Required action
The entries that follow include a run beginning at the line with "30. cardboard box (1322, 386, 1325, 402)" and ending at the line with "50. cardboard box (1696, 769, 1807, 776)"; restate that run word for word and leave the rest out.

Records contained in a dataset
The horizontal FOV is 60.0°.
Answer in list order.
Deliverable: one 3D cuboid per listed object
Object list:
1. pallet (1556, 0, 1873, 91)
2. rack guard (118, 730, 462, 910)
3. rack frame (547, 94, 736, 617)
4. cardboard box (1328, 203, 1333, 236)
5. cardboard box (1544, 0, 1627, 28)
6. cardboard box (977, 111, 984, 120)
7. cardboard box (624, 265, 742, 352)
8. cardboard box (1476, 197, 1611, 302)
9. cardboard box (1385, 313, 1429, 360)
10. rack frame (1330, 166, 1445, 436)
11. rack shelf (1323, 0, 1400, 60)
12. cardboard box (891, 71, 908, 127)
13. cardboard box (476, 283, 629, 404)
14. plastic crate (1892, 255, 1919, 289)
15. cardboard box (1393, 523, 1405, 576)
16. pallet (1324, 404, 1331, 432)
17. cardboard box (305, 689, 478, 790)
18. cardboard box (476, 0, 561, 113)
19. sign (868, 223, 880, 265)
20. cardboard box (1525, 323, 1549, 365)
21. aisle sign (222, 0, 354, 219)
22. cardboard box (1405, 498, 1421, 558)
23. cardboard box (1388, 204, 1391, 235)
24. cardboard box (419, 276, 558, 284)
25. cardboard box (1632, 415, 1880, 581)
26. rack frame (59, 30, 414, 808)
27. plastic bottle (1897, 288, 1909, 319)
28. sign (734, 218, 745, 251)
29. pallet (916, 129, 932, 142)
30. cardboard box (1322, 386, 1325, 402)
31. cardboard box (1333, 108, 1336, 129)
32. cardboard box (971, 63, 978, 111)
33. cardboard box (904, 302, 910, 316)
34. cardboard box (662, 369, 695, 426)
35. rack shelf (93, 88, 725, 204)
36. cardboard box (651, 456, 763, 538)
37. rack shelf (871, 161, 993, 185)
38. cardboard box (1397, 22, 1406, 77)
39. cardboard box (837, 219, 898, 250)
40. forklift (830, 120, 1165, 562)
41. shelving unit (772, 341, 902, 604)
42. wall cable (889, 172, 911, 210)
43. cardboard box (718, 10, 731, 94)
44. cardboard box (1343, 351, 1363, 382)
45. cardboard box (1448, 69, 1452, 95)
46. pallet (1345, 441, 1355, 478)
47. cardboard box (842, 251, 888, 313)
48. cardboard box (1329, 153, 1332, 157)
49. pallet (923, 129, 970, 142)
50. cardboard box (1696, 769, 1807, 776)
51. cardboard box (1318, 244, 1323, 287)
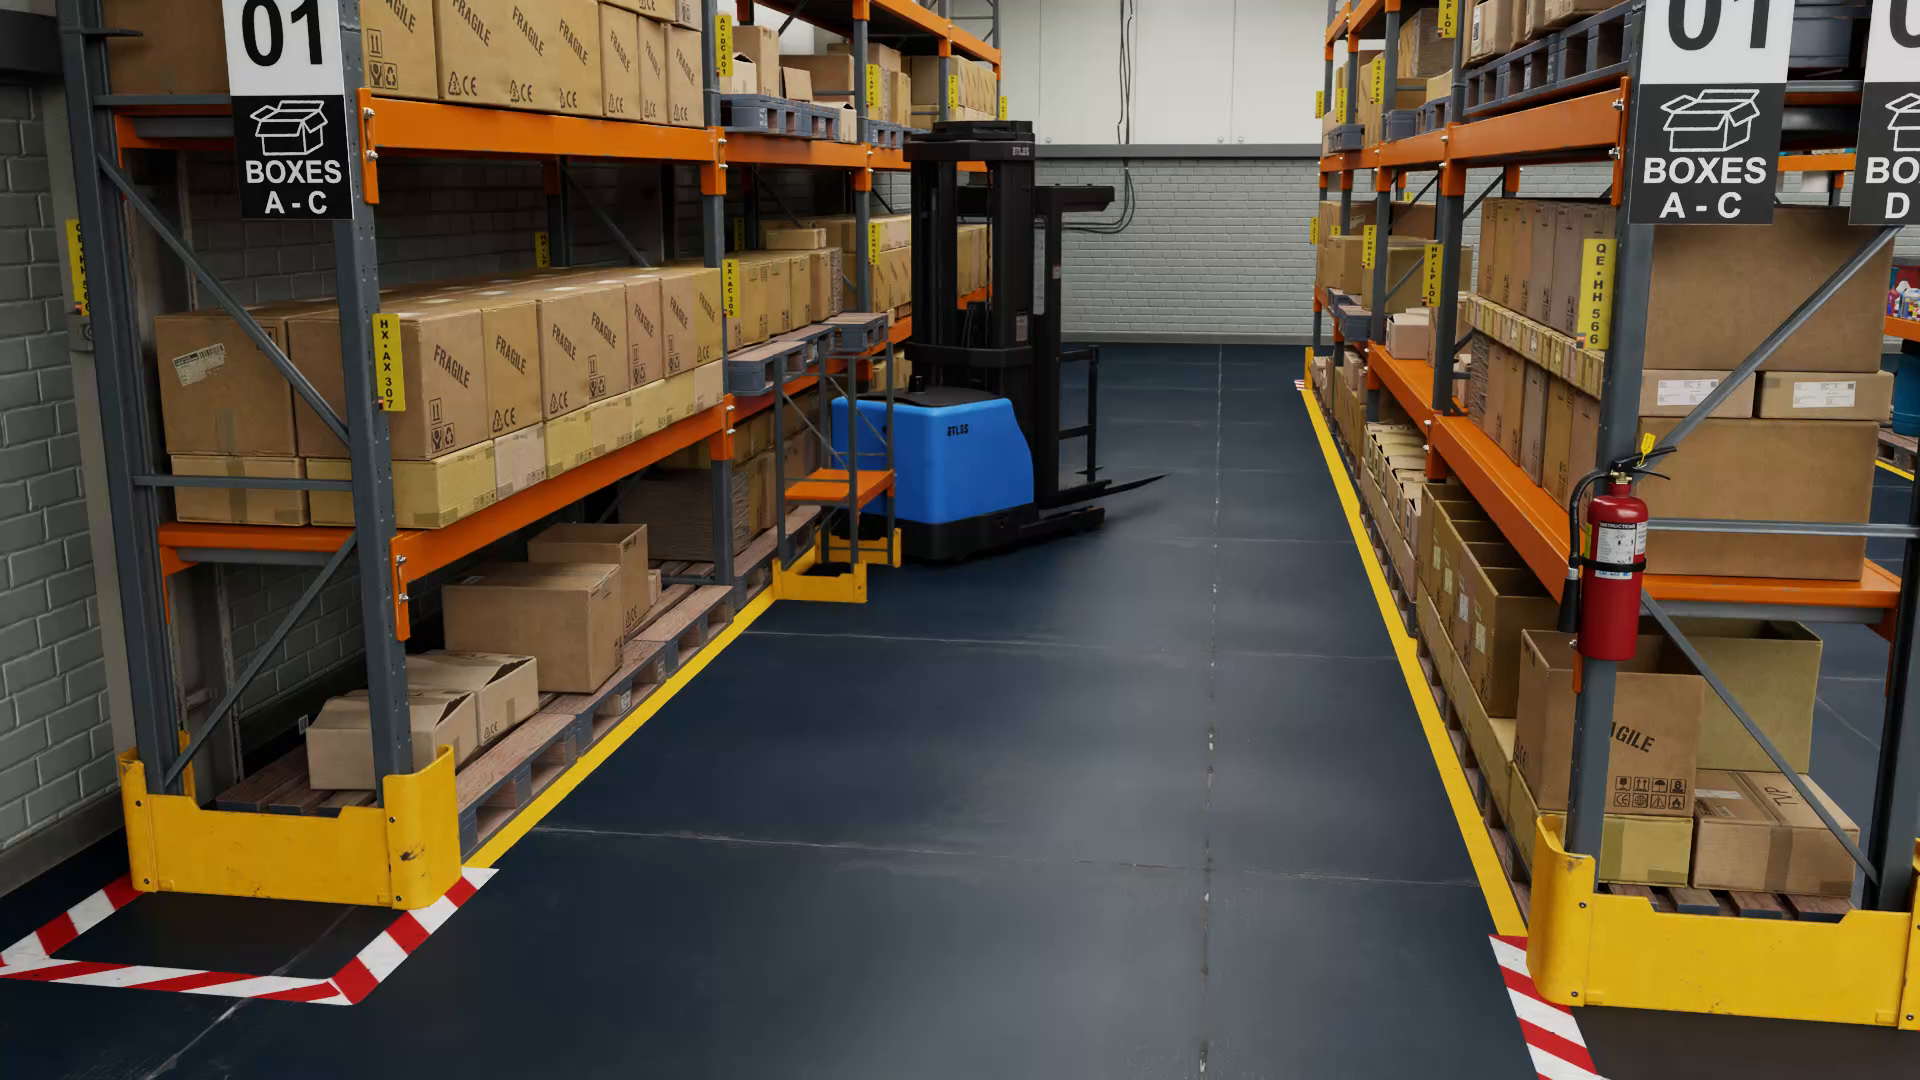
[{"bbox_3d":[2.572,-1.600,5.389,1.003,0.211,1.213,2,12,9],"label":"pallet"},{"bbox_3d":[-2.446,1.016,6.094,1.175,0.500,0.348,2,12,9],"label":"rack guard"},{"bbox_3d":[-1.843,-1.023,9.621,1.000,3.000,0.127,2,12,9],"label":"rack frame"},{"bbox_3d":[4.259,-3.392,18.001,0.500,0.500,0.500,2,12,9],"label":"cardboard box"},{"bbox_3d":[2.354,-1.946,5.809,0.500,0.250,0.500,2,12,9],"label":"cardboard box"},{"bbox_3d":[-0.001,-4.790,19.104,0.500,0.250,0.500,2,12,7],"label":"cardboard box"},{"bbox_3d":[-1.731,-1.392,10.051,0.700,0.500,0.500,2,12,9],"label":"cardboard box"},{"bbox_3d":[2.991,-1.454,8.303,0.700,0.500,0.500,2,12,9],"label":"cardboard box"},{"bbox_3d":[3.339,-1.473,11.918,0.500,0.311,0.500,2,12,8],"label":"cardboard box"},{"bbox_3d":[4.283,-2.529,16.607,1.000,3.000,0.127,2,12,9],"label":"rack frame"},{"bbox_3d":[4.591,-5.525,17.983,1.077,0.370,4.000,2,12,9],"label":"rack shelf"},{"bbox_3d":[-0.878,-4.121,15.595,0.700,0.500,0.500,2,12,8],"label":"cardboard box"},{"bbox_3d":[-1.848,-0.901,7.582,0.500,0.500,0.500,2,12,10],"label":"cardboard box"},{"bbox_3d":[9.562,-2.606,16.671,0.402,0.464,0.583,2,12,9],"label":"plastic crate"},{"bbox_3d":[2.910,0.074,10.058,0.500,0.250,0.500,2,12,8],"label":"cardboard box"},{"bbox_3d":[4.390,-1.308,17.564,1.003,0.211,1.213,2,12,9],"label":"pallet"},{"bbox_3d":[-2.262,0.768,6.649,0.500,0.311,0.500,0,12,2],"label":"cardboard box"},{"bbox_3d":[-1.965,-1.996,6.730,0.500,0.500,0.500,2,12,11],"label":"cardboard box"},{"bbox_3d":[-0.690,-2.368,13.299,0.100,0.325,0.005,2,12,9],"label":"sign"},{"bbox_3d":[2.545,-0.805,6.834,0.380,0.149,0.250,2,12,8],"label":"cardboard box"},{"bbox_3d":[-2.172,-1.437,5.369,0.394,0.787,0.004,2,12,9],"label":"aisle sign"},{"bbox_3d":[2.832,-0.092,9.501,0.500,0.311,0.500,2,12,9],"label":"cardboard box"},{"bbox_3d":[4.713,-3.263,17.403,0.500,0.500,0.500,1,12,7],"label":"cardboard box"},{"bbox_3d":[-2.287,-1.024,8.154,0.500,0.500,0.500,2,12,10],"label":"cardboard box"},{"bbox_3d":[2.522,-0.176,5.455,0.700,0.500,0.500,2,12,9],"label":"cardboard box"},{"bbox_3d":[-2.458,-0.191,5.757,1.000,3.000,0.127,2,12,9],"label":"rack frame"},{"bbox_3d":[8.664,-2.169,15.245,0.097,0.271,0.097,0,12,0],"label":"plastic bottle"},{"bbox_3d":[-1.776,-2.439,13.443,0.100,0.325,0.005,2,12,9],"label":"sign"},{"bbox_3d":[-0.704,-3.869,16.160,0.805,0.209,1.217,1,12,6],"label":"pallet"},{"bbox_3d":[4.089,-1.558,17.826,0.380,0.149,0.250,2,12,9],"label":"cardboard box"},{"bbox_3d":[4.249,-4.484,17.730,0.500,0.250,0.500,2,12,9],"label":"cardboard box"},{"bbox_3d":[-0.082,-5.052,18.536,0.500,0.500,0.500,2,12,9],"label":"cardboard box"},{"bbox_3d":[-0.675,-2.178,15.528,0.380,0.149,0.250,2,12,10],"label":"cardboard box"},{"bbox_3d":[-1.701,-0.748,8.652,0.500,0.250,0.500,2,12,9],"label":"cardboard box"},{"bbox_3d":[-2.150,-1.722,7.449,1.077,0.370,4.000,2,12,9],"label":"rack shelf"},{"bbox_3d":[-1.716,-0.279,11.058,0.700,0.500,0.500,2,12,8],"label":"cardboard box"},{"bbox_3d":[-0.305,-4.220,19.040,1.077,0.370,4.000,2,12,9],"label":"rack shelf"},{"bbox_3d":[3.898,-4.003,13.717,0.500,0.500,0.500,2,12,9],"label":"cardboard box"},{"bbox_3d":[-0.821,-2.625,14.281,0.500,0.250,0.500,2,12,8],"label":"cardboard box"},{"bbox_3d":[0.422,-1.539,12.175,1.130,2.935,3.031,10,16,39],"label":"forklift"},{"bbox_3d":[-0.776,-0.466,10.593,0.587,1.500,1.083,2,12,10],"label":"shelving unit"},{"bbox_3d":[-0.735,-4.315,22.484,0.084,1.984,1.851,2,12,9],"label":"wall cable"},{"bbox_3d":[-1.679,-2.855,9.766,0.500,0.500,0.500,4,13,17],"label":"cardboard box"},{"bbox_3d":[3.814,-1.588,15.349,0.500,0.250,0.500,2,12,9],"label":"cardboard box"},{"bbox_3d":[3.492,-2.970,10.893,0.500,0.250,0.500,2,12,8],"label":"cardboard box"},{"bbox_3d":[4.010,-0.740,14.928,1.003,0.211,1.213,2,12,9],"label":"pallet"},{"bbox_3d":[-0.900,-2.153,13.872,0.500,0.500,0.500,2,12,10],"label":"cardboard box"},{"bbox_3d":[4.333,-4.344,18.265,0.500,0.250,0.500,2,12,9],"label":"cardboard box"},{"bbox_3d":[-0.476,-4.281,17.831,1.003,0.211,1.213,2,12,9],"label":"pallet"},{"bbox_3d":[2.813,0.899,6.230,0.500,0.250,0.500,2,12,9],"label":"cardboard box"},{"bbox_3d":[4.495,-3.219,19.572,0.500,0.500,0.500,2,12,8],"label":"cardboard box"}]

Reply to the task
30. cardboard box (1322, 386, 1325, 402)
31. cardboard box (1333, 108, 1336, 129)
32. cardboard box (971, 63, 978, 111)
33. cardboard box (904, 302, 910, 316)
34. cardboard box (662, 369, 695, 426)
35. rack shelf (93, 88, 725, 204)
36. cardboard box (651, 456, 763, 538)
37. rack shelf (871, 161, 993, 185)
38. cardboard box (1397, 22, 1406, 77)
39. cardboard box (837, 219, 898, 250)
40. forklift (830, 120, 1165, 562)
41. shelving unit (772, 341, 902, 604)
42. wall cable (889, 172, 911, 210)
43. cardboard box (718, 10, 731, 94)
44. cardboard box (1343, 351, 1363, 382)
45. cardboard box (1448, 69, 1452, 95)
46. pallet (1345, 441, 1355, 478)
47. cardboard box (842, 251, 888, 313)
48. cardboard box (1329, 153, 1332, 157)
49. pallet (923, 129, 970, 142)
50. cardboard box (1696, 769, 1807, 776)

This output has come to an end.